Background technique
MoO3It is a kind of environmental-friendly n-type semiconductor metal oxide, has obtained answering extensively in gas sensor domain
With.Currently, the composite metal oxide material of three-dimensional multilevel structure is one of the research hotspot of gas sensor sensitive material, because
More active surfaces can be provided for the composite material with this structure, are more advantageous to transmission and gas of the electronics on surface
Absorption and desorption of the body molecule on surface are improving the property such as electrochemistry, gas sensing and the photocatalysis of metal oxide semiconductor
Energy aspect shows great potentiality.Compared with the complex technique of the low-dimensional alkaline metal oxide of current comparative maturity, to oxygen
Change molybdenum and carry out compound relative difficult because molybdenum oxide is acidic metal oxide, in recombination process, when with before basic anhydride
Drive liquid solution is soluble when being blended, and the especially original multilevel structure of molybdenum oxide is difficult to keep, so that current multilevel structure oxygen
Changing molybdenum composite material, development is restricted in nano-sensor field.

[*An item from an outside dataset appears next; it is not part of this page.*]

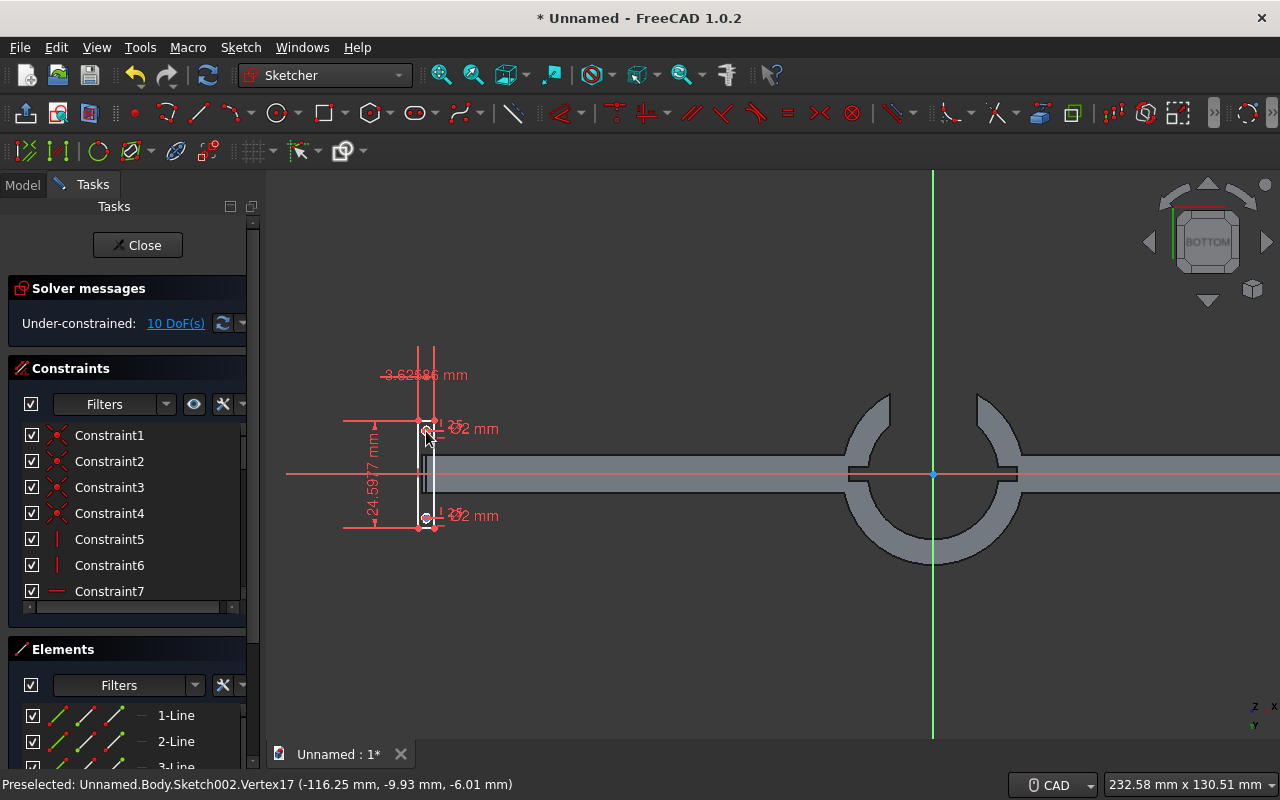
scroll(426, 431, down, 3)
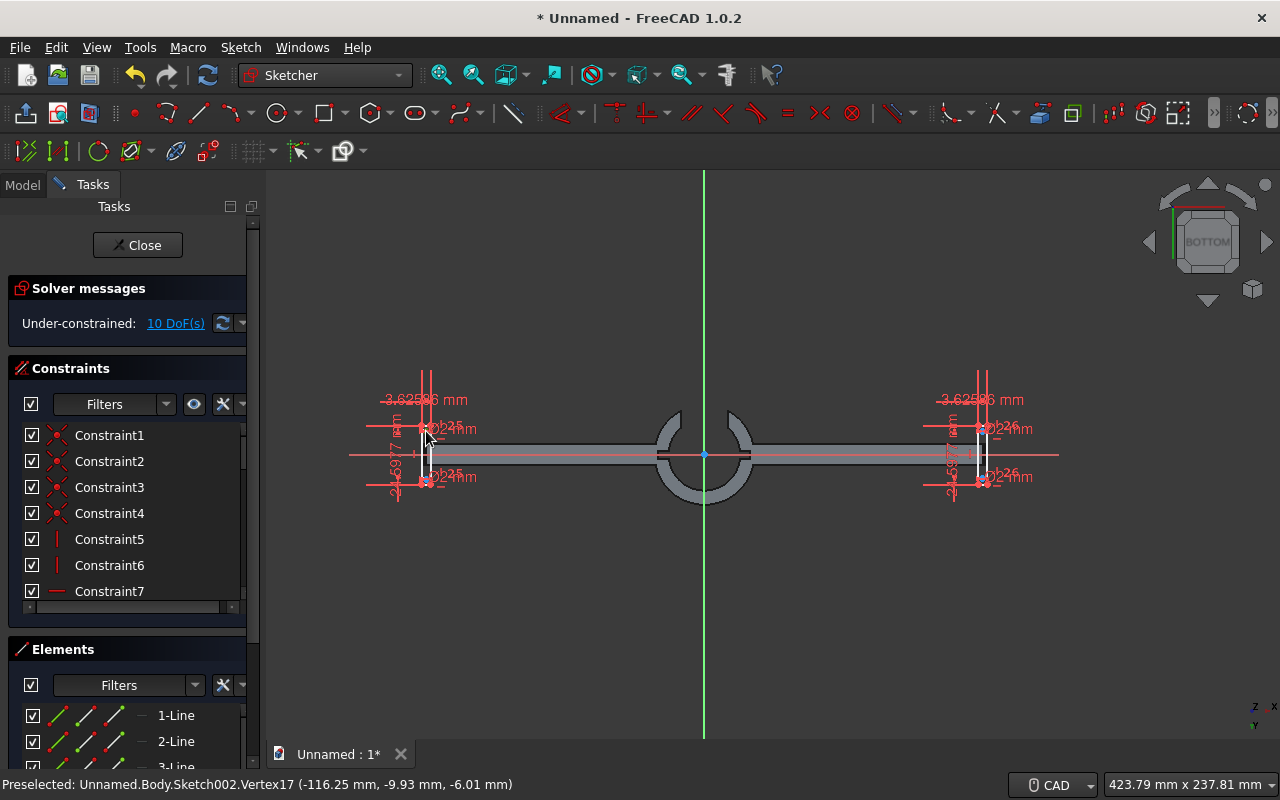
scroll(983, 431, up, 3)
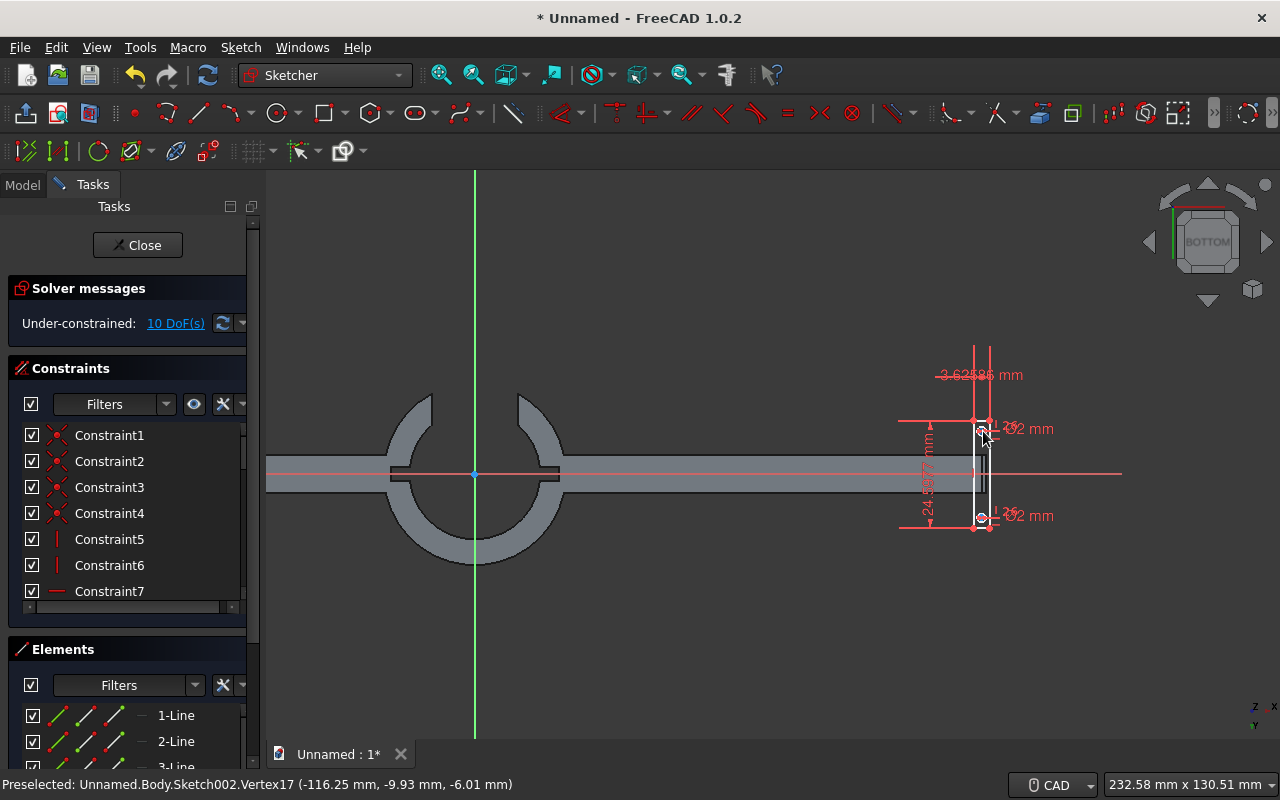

Currently, the preparation method of oxidation molybdenum composite material mainly takes secondary or multistep hydrothermal/solvent thermal method.2015
" RSC progress " (the RSC Advances) page 39442-39448 of 5th phase, which is reported, a kind of prepares MoO3/Fe2O3The side of nanometer rods
Method, this method is first soluble in water by Ammonium Molybdate Tetrahydrate, and instills HNO dropwise3, above-mentioned mixed solution hydro-thermal reaction 36h will give birth to
At presoma calcine 2h at 300 DEG C after obtain MoO3Nanobelt;By the MoO of preparation3Nanobelt is soluble in water, instills dropwise
The FeCl centainly matched3·6H2O and Na2SO4·10H2O mixed solution, through secondary hydro-thermal reaction 10h, the presoma of generation exists
MoO is obtained after calcining 2h at 500 DEG C3/Fe2O3Nanometer rods, this method need to carry out hydro-thermal reaction twice, final product one
The nanometer rod composite material of dimension, material are applied to catalytic field." environmental science and technology " of 52nd phase in 2018
(Environ.Sci.Technol) 11796-11802 pages, which reports, a kind of prepares MoO3/Fe2O3The method of nanobelt, the party
Method is first by Fe (NO3)3·9H2O and polyvinylpyrrolidone (PVP) are dissolved in dimethylformamide (DMF) reagent, to solvent heat
After 30h, Fe is obtained2O3Material;In preparation MoO3When, molybdenum powder is dissolved in water first, then H is slowly added2O2Solution, hydro-thermal reaction
4h is calcined after 48h at 400 DEG C and obtains MoO3Nanobelt;Finally, by the Fe of preparation2O3It is dissolved in water, is poured into containing MoO3Nanobelt
Solution in, 80 DEG C drying, 105 DEG C are dried overnight, at 300 DEG C calcine 4h obtain MoO3/Fe2O3Composite material, in preparation process
In will use organic solvent and pass through multiple hydro-thermal and high-temperature process, preparation process is cumbersome, and composite material does not have multistage knot
Structure, pattern are one-dimensional nanobelt.When the composite material is applied to the test of dimethylbenzene, optimum working temperature is relatively high to be
206 DEG C, lower to the response of 100ppm dimethylbenzene is 6.8, and response speed is 87s more slowly.
Summary of the invention
The present invention is aoxidized in reaction system to solve multilevel structure molybdenum oxide in doping and the modifications such as compound
The problem of self assembly of molybdenum construction unit and the mode of constructing are highly vulnerable to breakage, are difficult to keep multilevel structure, and a kind of multistage is provided
Structure α-Fe2O3/α-MoO3Hollow Sphere Composites and preparation method thereof.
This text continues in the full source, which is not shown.